> THE TASK
From the listing below, copy only the lines from the line that contains "el circuito actual.</text>" to the line that contains "0 1-3.5 3.5h-179.2a3.5", counting those two lines as part of the copy.

> SUPPLIED MATERIAL
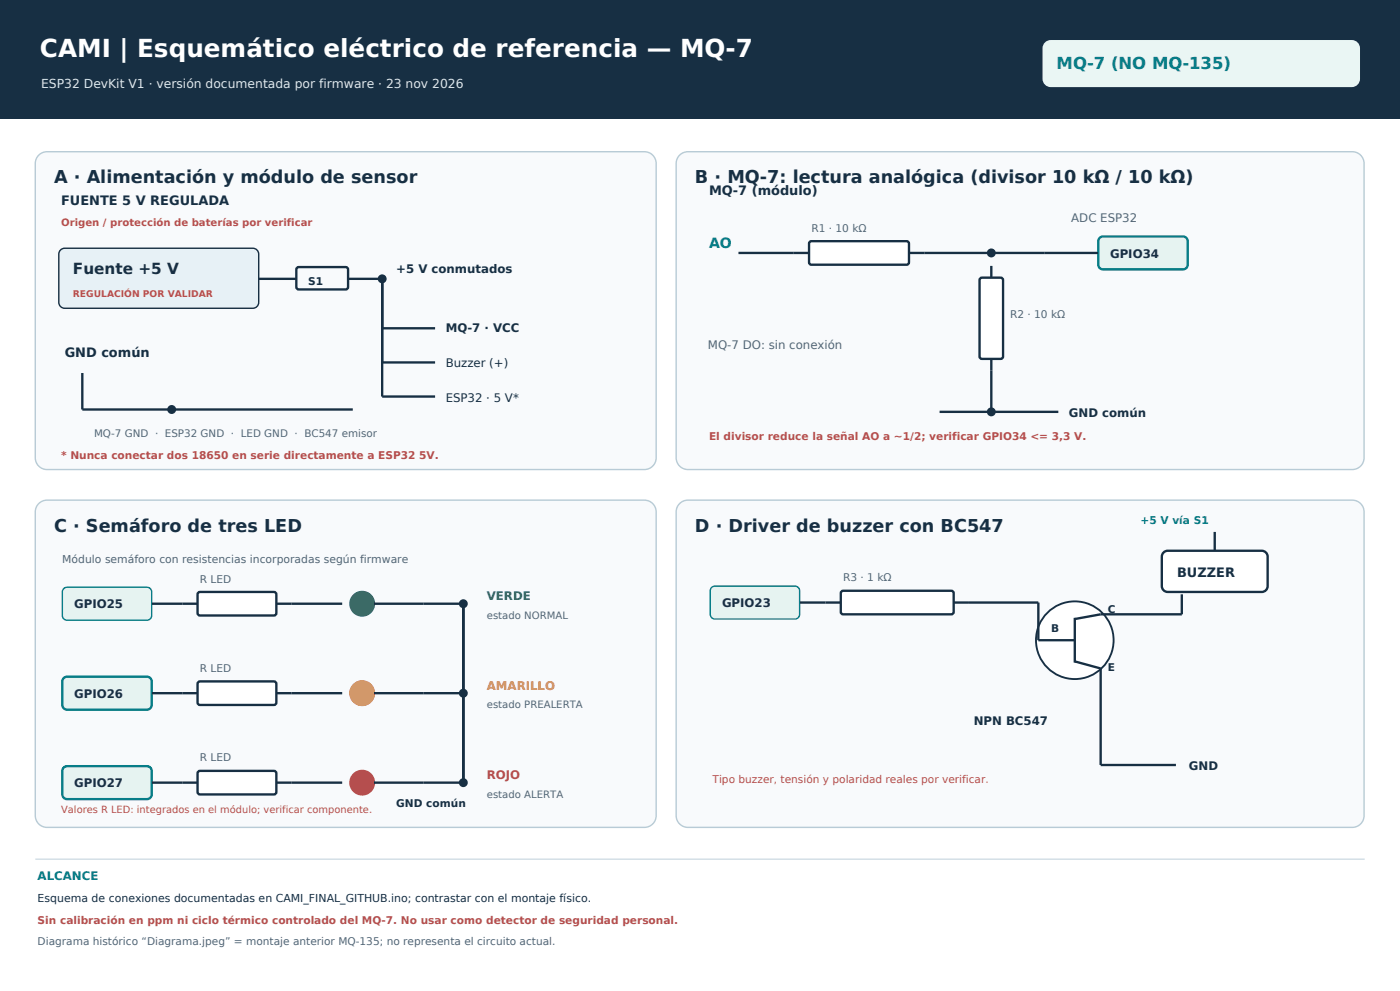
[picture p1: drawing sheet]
<svg xmlns="http://www.w3.org/2000/svg" width="420mm" height="297mm" viewBox="0 0 420 297" stroke-linecap="round" stroke-linejoin="round" font-family="sans-serif">
<defs><g id="words">
<text font-size="7.4" fill="#fff" x="12" y="16.9">CAMI | Esquemático eléctrico de referencia — MQ-7</text>
<g font-size="5.3" fill="#172f43">
<text x="16.2" y="55">A · Alimentación y módulo de sensor</text>
<text x="208.5" y="55">B · MQ-7: lectura analógica (divisor 10 kΩ / 10 kΩ)</text>
<text x="16.2" y="159.4">C · Semáforo de tres LED</text>
<text x="208.5" y="159.4">D · Driver de buzzer con BC547</text>
</g>
<text font-size="4.9" fill="#077d88" x="317" y="20.8">MQ-7 (NO MQ-135)</text>
<text font-size="4.6" fill="#172f43" x="21.9" y="82.2">Fuente +5 V</text>
<text font-size="4.2" fill="#077d88" x="212.7" y="74.4">AO</text>
<g font-size="3.9" fill="#172f43">
<text x="212.7" y="58.5">MQ-7 (módulo)</text>
<text x="18.3" y="61.3">FUENTE 5 V REGULADA</text>
<text x="19.4" y="106.9">GND común</text>
<text x="353.1" y="172.8">BUZZER</text>
</g>
<text font-size="3.7" fill="#dce8ee" x="12.3" y="26.5">ESP32 DevKit V1 · versión documentada por firmware · 23 nov 2026</text>
<g font-size="3.5" fill="#506779">
<text x="321.4" y="66.6">ADC ESP32</text>
<text x="212.4" y="104.7">MQ-7 DO: sin conexión</text>
</g>
<g font-size="3.5" fill="#172f43">
<text x="333" y="77.2">GPIO34</text>
<text x="118.9" y="81.8">+5 V conmutados</text>
<text x="133.7" y="99.4">MQ-7 · VCC</text>
<text x="133.7" y="110">Buzzer (+)</text>
<text x="133.7" y="120.6">ESP32 · 5 V*</text>
<text x="320.7" y="124.8">GND común</text>
<text x="22.2" y="182.3">GPIO25</text>
<text x="216.6" y="182">GPIO23</text>
<text x="22.2" y="209.2">GPIO26</text>
<text x="292.1" y="217.3">NPN BC547</text>
<text x="356.7" y="230.7">GND</text>
<text x="22.2" y="236">GPIO27</text>
</g>
<text font-size="3.5" fill="#257c5a" x="146" y="179.9">VERDE</text>
<text font-size="3.5" fill="#d49a21" x="146" y="206.7">AMARILLO</text>
<text font-size="3.5" fill="#b54e4e" x="146" y="233.5">ROJO</text>
<text font-size="3.5" fill="#077d88" x="11.3" y="263.8">ALCANCE</text>
<text font-size="3.3" fill="#172f43" x="11.3" y="270.2">Esquema de conexiones documentadas en CAMI_FINAL_GITHUB.ino; contrastar con el montaje físico.</text>
<g font-size="3.2" fill="#506779">
<text x="243.4" y="69.5">R1 · 10 kΩ</text>
<text x="303" y="95.4">R2 · 10 kΩ</text>
<text x="18.7" y="168.6">Módulo semáforo con resistencias incorporadas según firmware</text>
<text x="60" y="174.6">R LED</text>
<text x="252.9" y="174.2">R3 · 1 kΩ</text>
<text x="60" y="201.4">R LED</text>
<text x="60" y="228.2">R LED</text>
<text x="11.3" y="283.2">Diagrama histórico “Diagrama.jpeg” = montaje anterior MQ-135; no representa el circuito actual.</text>
</g>
<g font-size="3.2" fill="#172f43">
<text x="92.4" y="85.3">S1</text>
<text x="332.3" y="183.8">C</text>
<text x="315.4" y="189.4">B</text>
<text x="332.3" y="201">E</text>
<text x="118.9" y="242">GND común</text>
</g>
<g font-size="3.2" fill="#b54e4e">
<text x="212.7" y="131.9">El divisor reduce la señal AO a ~1/2; verificar GPIO34 &lt;= 3,3 V.</text>
<text x="18.3" y="137.5">* Nunca conectar dos 18650 en serie directamente a ESP32 5V.</text>
<text x="213.8" y="234.6">Tipo buzzer, tensión y polaridad reales por verificar.</text>
<text x="11.3" y="276.9">Sin calibración en ppm ni ciclo térmico controlado del MQ-7. No usar como detector de seguridad personal.</text>
</g>
<text font-size="3.2" fill="#077d88" x="342.2" y="156.9">+5 V vía S1</text>
<text font-size="3.1" fill="#506779" x="28.2" y="130.8">MQ-7 GND · ESP32 GND · LED GND · BC547 emisor</text>
<g font-size="3" fill="#b54e4e">
<text x="18.3" y="67.7">Origen / protección de baterías por verificar</text>
<text x="18.3" y="243.7">Valores R LED: integrados en el módulo; verificar componente.</text>
</g>
<g font-size="3" fill="#506779">
<text x="146" y="185.5">estado NORMAL</text>
<text x="146" y="212.3">estado PREALERTA</text>
<text x="146" y="239.1">estado ALERTA</text>
</g>
<text font-size="2.8" fill="#b54e4e" x="21.9" y="88.9">REGULACIÓN POR VALIDAR</text>
</g></defs>
<path d="M0 0h420v35.6h-420z" fill-rule="evenodd" fill="#172f43"/>
<path d="M313.7 12.5l1.5-.5h90.3a2.47 2.47 0 0 1 2.5 2.5v9.1a2.47 2.47 0 0 1-2.5 2.5h-90.3a2.47 2.47 0 0 1-2.4-2.5v-9.1a2.46 2.46 0 0 1 .9-2z" fill-rule="evenodd" fill="#eaf6f4"/>
<path d="M11.6 46.5a3.5 3.5 0 0 1 2.5-1h179.2a3.5 3.5 0 0 1 3.5 3.5v88.2a3.5 3.5 0 0 1-3.5 3.5h-179.2a3.5 3.5 0 0 1-3.5-3.5v-88.2a3.5 3.5 0 0 1 1-2.5z" fill-rule="evenodd" fill="#f8fafc" stroke="#b8cbd6" stroke-width=".42"/>
<path d="M18.2 74.9l1.2-.5h56.4a1.76 1.76 0 0 1 1.8 1.8v14.4a1.76 1.76 0 0 1-1.8 1.8h-56.4a1.76 1.76 0 0 1-1.8-1.8v-14.4z" fill-rule="evenodd" fill="#e7f1f6" stroke="#172f43" stroke-width=".42"/>
<path d="M77.6 83.6h11.3M89.1 80.2l.5-.2 14.4 .1 .4 .6v5.6l-.7 .4h-14.4l-.4-.7v-5.3zM104.4 83.6h10.3" fill="none" stroke="#172f43" stroke-width=".71" stroke-linecap="butt"/>
<circle cx="114.7" cy="83.6" r="1.34" fill="#172f43"/>
<path d="M114.7 83.6v35.2h15.8M114.7 98.4h15.8M24.7 111.8v10.9h81.1M114.7 108.6h15.8" fill="none" stroke="#172f43" stroke-width=".71" stroke-linecap="butt"/>
<circle cx="51.5" cy="122.7" r="1.34" fill="#172f43"/>
<path d="M203.9 46.5a3.5 3.5 0 0 1 2.5-1h199.3a3.5 3.5 0 0 1 3.5 3.5v88.2a3.5 3.5 0 0 1-3.5 3.5h-199.3a3.5 3.5 0 0 1-3.6-3.5v-88.2a3.5 3.5 0 0 1 1.1-2.5z" fill-rule="evenodd" fill="#f8fafc" stroke="#b8cbd6" stroke-width=".42"/>
<path d="M221.5 75.8h21.2" fill="none" stroke="#172f43" stroke-width=".71" stroke-linecap="butt"/>
<path d="M242.9 72.5l.5-.2h28.9l.4 .7-.1 5.9-.6 .4h-28.9l-.4-.7v-5.6z" fill-rule="evenodd" fill="#fff" stroke="#172f43" stroke-width=".71" stroke-linecap="butt"/>
<path d="M272.7 75.8h40.6" fill="none" stroke="#172f43" stroke-width=".71" stroke-linecap="butt"/>
<circle cx="297.4" cy="75.8" r="1.34" fill="#172f43"/>
<path d="M330.1 71.1l.8-.2h24a1.41 1.41 0 0 1 1.4 1.4v7a1.41 1.41 0 0 1-1.4 1.4h-24a1.41 1.41 0 0 1-1.4-1.4v-7z" fill-rule="evenodd" fill="#e6f3f1" stroke="#077d88" stroke-width=".71" stroke-linecap="butt"/>
<path d="M297.4 79.7v3.5M313.3 75.8h16.2" fill="none" stroke="#172f43" stroke-width=".71" stroke-linecap="butt"/>
<path d="M294.1 83.4l.5-.2h5.6l.7 .4v23.3l-.4 .6-5.9 .1-.7-.5v-23.2z" fill-rule="evenodd" fill="#fff" stroke="#172f43" stroke-width=".71" stroke-linecap="butt"/>
<path d="M297.4 107.6v15.8" fill="none" stroke="#172f43" stroke-width=".71" stroke-linecap="butt"/>
<circle cx="297.4" cy="123.4" r="1.34" fill="#172f43"/>
<path d="M281.9 123.4h35.6" fill="none" stroke="#172f43" stroke-width=".71" stroke-linecap="butt"/>
<path d="M11.6 150.9a3.5 3.5 0 0 1 2.5-1h179.2a3.5 3.5 0 0 1 3.5 3.5v91a3.5 3.5 0 0 1-3.5 3.6h-179.2a3.5 3.5 0 0 1-3.5-3.6v-91a3.5 3.5 0 0 1 1-2.5z" fill-rule="evenodd" fill="#f8fafc" stroke="#b8cbd6" stroke-width=".42"/>
<path d="M19 176.6l1.1-.6h24a1.41 1.41 0 0 1 1.4 1.4v7.1a1.41 1.41 0 0 1-1.4 1.4h-24a1.41 1.41 0 0 1-1.4-1.4v-7.1z" fill-rule="evenodd" fill="#e6f3f1" stroke="#077d88" stroke-width=".42"/>
<path d="M45.5 180.9h13.8" fill="none" stroke="#172f43" stroke-width=".71" stroke-linecap="butt"/>
<path d="M59.5 177.6l.5-.2 22.5 .1 .4 .6-.1 5.9-.6 .5-22.5-.1-.4-.6v-5.7z" fill-rule="evenodd" fill="#fff" stroke="#172f43" stroke-width=".71" stroke-linecap="butt"/>
<path d="M82.9 180.9h19.8M112.2 180.9h26.8v53.3" fill="none" stroke="#172f43" stroke-width=".71" stroke-linecap="butt"/>
<circle cx="108.7" cy="180.9" r="3.5" fill="#257c5a" stroke="#257c5a" stroke-width=".71" stroke-linecap="butt"/>
<circle cx="139" cy="180.9" r="1.34" fill="#172f43"/>
<path d="M19 203.4l1.1-.6h24a1.41 1.41 0 0 1 1.4 1.4v7.1a1.41 1.41 0 0 1-1.4 1.4h-24a1.41 1.41 0 0 1-1.4-1.4v-7.1z" fill-rule="evenodd" fill="#e6f3f1" stroke="#077d88" stroke-width=".71" stroke-linecap="butt"/>
<path d="M45.5 207.7h13.8" fill="none" stroke="#172f43" stroke-width=".71" stroke-linecap="butt"/>
<path d="M59.5 204.4l.5-.2 22.5 .1 .4 .6-.1 5.9-.6 .5-22.5-.1-.4-.6v-5.7z" fill-rule="evenodd" fill="#fff" stroke="#172f43" stroke-width=".71" stroke-linecap="butt"/>
<path d="M139 180.9v53.3M82.9 207.7h19.8M112.2 207.7h26.8" fill="none" stroke="#172f43" stroke-width=".71" stroke-linecap="butt"/>
<circle cx="108.7" cy="207.7" r="3.5" fill="#d49a21" stroke="#d49a21" stroke-width=".71" stroke-linecap="butt"/>
<circle cx="139" cy="207.7" r="1.34" fill="#172f43"/>
<path d="M19.3 229.9l.8-.3h24a1.41 1.41 0 0 1 1.4 1.4v7.1a1.41 1.41 0 0 1-1.4 1.4h-24a1.41 1.41 0 0 1-1.4-1.4v-7.1z" fill-rule="evenodd" fill="#e6f3f1" stroke="#077d88" stroke-width=".71" stroke-linecap="butt"/>
<path d="M45.5 234.6h13.8" fill="none" stroke="#172f43" stroke-width=".71" stroke-linecap="butt"/>
<path d="M59.5 231.2l.5-.2 22.5 .1 .4 .6-.1 6-.6 .4-22.5-.1-.4-.6v-5.7z" fill-rule="evenodd" fill="#fff" stroke="#172f43" stroke-width=".71" stroke-linecap="butt"/>
<path d="M139 180.9v53.3M82.9 234.6h19.8M112.2 234.6h26.8" fill="none" stroke="#172f43" stroke-width=".71" stroke-linecap="butt"/>
<circle cx="108.7" cy="234.6" r="3.5" fill="#b54e4e" stroke="#b54e4e" stroke-width=".71" stroke-linecap="butt"/>
<circle cx="139" cy="234.6" r="1.34" fill="#172f43"/>
<path d="M203.9 150.9a3.5 3.5 0 0 1 2.5-1h199.3a3.5 3.5 0 0 1 3.5 3.5v91a3.5 3.5 0 0 1-3.5 3.6h-199.3a3.5 3.5 0 0 1-3.6-3.6v-91a3.5 3.5 0 0 1 1.1-2.5z" fill-rule="evenodd" fill="#f8fafc" stroke="#b8cbd6" stroke-width=".42"/>
<path d="M213.3 176.2l1.2-.6h24a1.41 1.41 0 0 1 1.4 1.5v7a1.41 1.41 0 0 1-1.4 1.4h-24a1.41 1.41 0 0 1-1.4-1.4v-7z" fill-rule="evenodd" fill="#e6f3f1" stroke="#077d88" stroke-width=".42"/>
<path d="M239.9 180.6h12.3" fill="none" stroke="#172f43" stroke-width=".71" stroke-linecap="butt"/>
<path d="M252.4 177.3l.5-.2h32.5l.5 .2 .2 .5v5.6l-.2 .5-.5 .2h-32.5l-.5-.2-.2-.5v-5.6z" fill-rule="evenodd" fill="#fff" stroke="#172f43" stroke-width=".71" stroke-linecap="butt"/>
<path d="M286.1 180.6h25.4" fill="none" stroke="#172f43" stroke-width=".71" stroke-linecap="butt"/>
<circle cx="322.4" cy="191.9" r="11.6" fill="#fff" stroke="#172f43" stroke-width=".56"/>
<path d="M354.5 178.1v6h-24.3l-7.8 1.4M311.5 180.6v11.3h10.9M322.4 185.2v13.4M322.4 198.2l7.8 2.1v29h22.6" fill="none" stroke="#172f43" stroke-width=".71" stroke-linecap="butt"/>
<path d="M349.1 165.6l1.2-.5h28.2a1.76 1.76 0 0 1 1.8 1.7v8.8a1.76 1.76 0 0 1-1.8 1.8h-28.2a1.76 1.76 0 0 1-1.8-1.8v-8.8z" fill-rule="evenodd" fill="#fff" stroke="#172f43" stroke-width=".71" stroke-linecap="butt"/>
<path d="M364.4 159.4v5.7" fill="none" stroke="#172f43" stroke-width=".71" stroke-linecap="butt"/>
<path d="M10.6 257.5h398.8" fill="none" stroke="#c8d7e0" stroke-width=".35"/>
<use href="#words"/>
</svg>

> YOUR SOLUTION
<text x="11.3" y="283.2">Diagrama histórico “Diagrama.jpeg” = montaje anterior MQ-135; no representa el circuito actual.</text>
</g>
<g font-size="3.2" fill="#172f43">
<text x="92.4" y="85.3">S1</text>
<text x="332.3" y="183.8">C</text>
<text x="315.4" y="189.4">B</text>
<text x="332.3" y="201">E</text>
<text x="118.9" y="242">GND común</text>
</g>
<g font-size="3.2" fill="#b54e4e">
<text x="212.7" y="131.9">El divisor reduce la señal AO a ~1/2; verificar GPIO34 &lt;= 3,3 V.</text>
<text x="18.3" y="137.5">* Nunca conectar dos 18650 en serie directamente a ESP32 5V.</text>
<text x="213.8" y="234.6">Tipo buzzer, tensión y polaridad reales por verificar.</text>
<text x="11.3" y="276.9">Sin calibración en ppm ni ciclo térmico controlado del MQ-7. No usar como detector de seguridad personal.</text>
</g>
<text font-size="3.2" fill="#077d88" x="342.2" y="156.9">+5 V vía S1</text>
<text font-size="3.1" fill="#506779" x="28.2" y="130.8">MQ-7 GND · ESP32 GND · LED GND · BC547 emisor</text>
<g font-size="3" fill="#b54e4e">
<text x="18.3" y="67.7">Origen / protección de baterías por verificar</text>
<text x="18.3" y="243.7">Valores R LED: integrados en el módulo; verificar componente.</text>
</g>
<g font-size="3" fill="#506779">
<text x="146" y="185.5">estado NORMAL</text>
<text x="146" y="212.3">estado PREALERTA</text>
<text x="146" y="239.1">estado ALERTA</text>
</g>
<text font-size="2.8" fill="#b54e4e" x="21.9" y="88.9">REGULACIÓN POR VALIDAR</text>
</g></defs>
<path d="M0 0h420v35.6h-420z" fill-rule="evenodd" fill="#172f43"/>
<path d="M313.7 12.5l1.5-.5h90.3a2.47 2.47 0 0 1 2.5 2.5v9.1a2.47 2.47 0 0 1-2.5 2.5h-90.3a2.47 2.47 0 0 1-2.4-2.5v-9.1a2.46 2.46 0 0 1 .9-2z" fill-rule="evenodd" fill="#eaf6f4"/>
<path d="M11.6 46.5a3.5 3.5 0 0 1 2.5-1h179.2a3.5 3.5 0 0 1 3.5 3.5v88.2a3.5 3.5 0 0 1-3.5 3.5h-179.2a3.5 3.5 0 0 1-3.5-3.5v-88.2a3.5 3.5 0 0 1 1-2.5z" fill-rule="evenodd" fill="#f8fafc" stroke="#b8cbd6" stroke-width=".42"/>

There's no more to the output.